Physical system
In physics the word system has a technical meaning, namely, it is the portion of the physical universe chosen for analysis. Everything outside the system is known as the environment, which in analysis is ignored except for its effects on the system. The cut between system and environment is a free choice, generally made to simplify the analysis as much as possible. An isolated system is one which has negligible interaction with its environment.
Often a system in this sense is chosen to correspond to the more usual meaning of system, such as a particular machine. But physical systems are often more esoteric: an atom, the water in a lake, or indeed the water in the left-hand half of a lake can all be considered as physical systems. In the study of quantum decoherence the "system" may refer to the macroscopic properties of an object (e.g. the position of a pendulum bob), while the relevant "environment" may be the internal degrees of freedom, described classically by the pendulum's thermal vibrations.
Complexity in physical systems
The complexity of a physical system is equal to the probability of its being in a particular state vector.
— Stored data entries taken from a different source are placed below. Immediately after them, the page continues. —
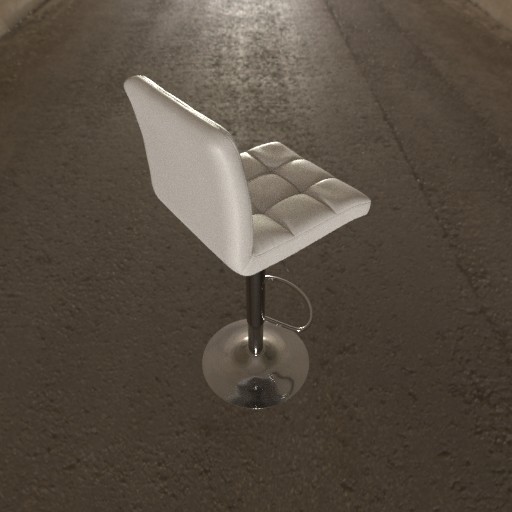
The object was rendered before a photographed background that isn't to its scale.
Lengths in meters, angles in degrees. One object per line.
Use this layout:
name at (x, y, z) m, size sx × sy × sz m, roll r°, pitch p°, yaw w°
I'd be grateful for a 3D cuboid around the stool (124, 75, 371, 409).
stool at (0.000, 0.000, 1.394) m, size 0.505 × 1.115 × 0.430 m, roll -26°, pitch 48°, yaw -27°
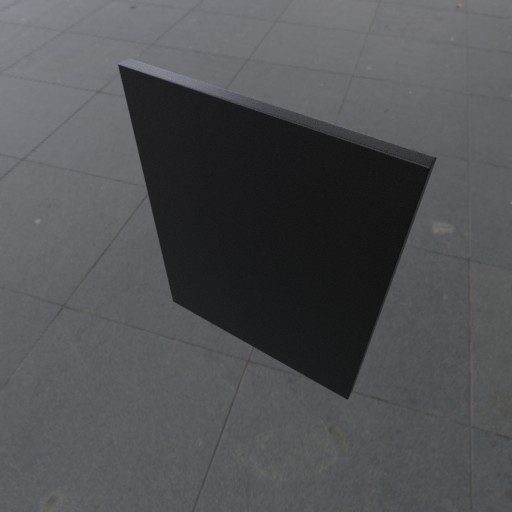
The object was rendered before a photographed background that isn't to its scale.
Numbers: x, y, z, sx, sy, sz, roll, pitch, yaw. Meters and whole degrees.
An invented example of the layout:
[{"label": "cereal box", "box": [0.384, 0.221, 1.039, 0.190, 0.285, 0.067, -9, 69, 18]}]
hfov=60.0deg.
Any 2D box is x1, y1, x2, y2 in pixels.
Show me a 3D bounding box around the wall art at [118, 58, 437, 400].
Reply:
[{"label": "wall art", "box": [0.000, 0.000, 1.609, 0.950, 1.194, 0.053, 25, 53, 21]}]
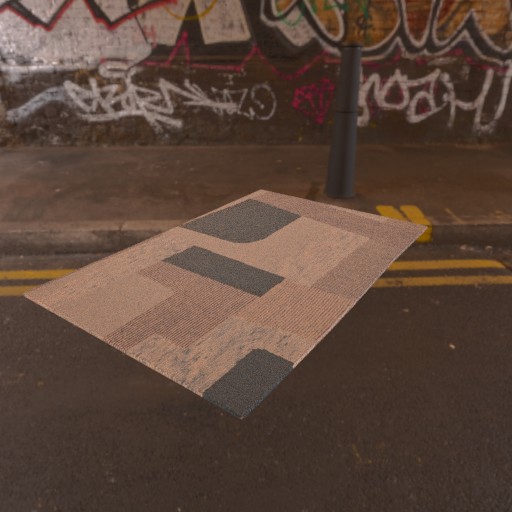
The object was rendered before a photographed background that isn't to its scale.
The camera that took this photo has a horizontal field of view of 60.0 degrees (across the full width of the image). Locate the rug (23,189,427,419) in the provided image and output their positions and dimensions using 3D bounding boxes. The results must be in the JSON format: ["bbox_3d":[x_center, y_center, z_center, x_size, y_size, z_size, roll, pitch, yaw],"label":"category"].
[{"bbox_3d":[0.000,0.000,2.325,1.238,0.020,1.847,18,31,32],"label":"rug"}]
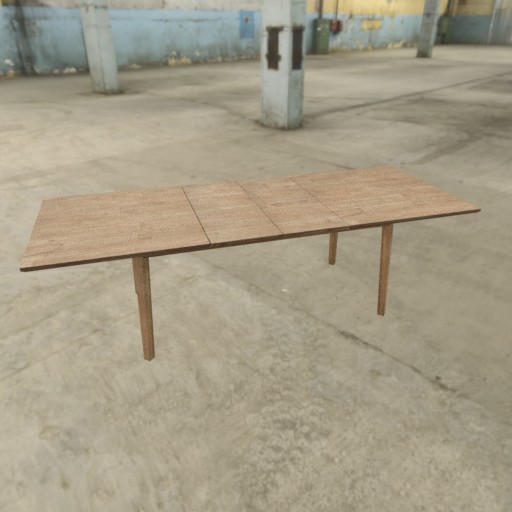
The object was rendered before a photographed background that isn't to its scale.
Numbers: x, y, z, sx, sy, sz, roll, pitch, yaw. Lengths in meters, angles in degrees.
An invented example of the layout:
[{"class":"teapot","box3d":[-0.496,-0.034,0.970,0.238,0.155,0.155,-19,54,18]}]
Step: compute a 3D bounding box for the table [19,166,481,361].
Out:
[{"class":"table","box3d":[0.000,0.000,2.990,2.603,0.752,1.000,-8,28,-15]}]

If one considers a classical Newtonian ball situation with a number of perfectly moving physical bodies bouncing off the walls of a container, the system-state probability does not change over time. The entropy of the system changes over time, but the probability of the state vector does not change. One can periodically evaluate the complexity of this system, and the complexity of this system does not change.
In a physical system, a lower probability state vector is equivalent to a higher complexity. A self sustaining low probability state vector allows the physical system to remain in a higher complexity state. The study of such systems as applied to our universe is in its infancy and speculative in nature, but it appears that there are some low probability systems that are able to sustain themselves through time.
In mathematical systems, one can consider the complexity of particular states more easily. For example, if one considers a Turing machine that generates random symbols and then utilizes these symbols as an algorithm to create a new series of symbols, the complexity of the final string of symbols is nearly mathematically equivalent to the minimum size of a string required to produce a larger string on a Turing machine as defined by algorithmic information theory.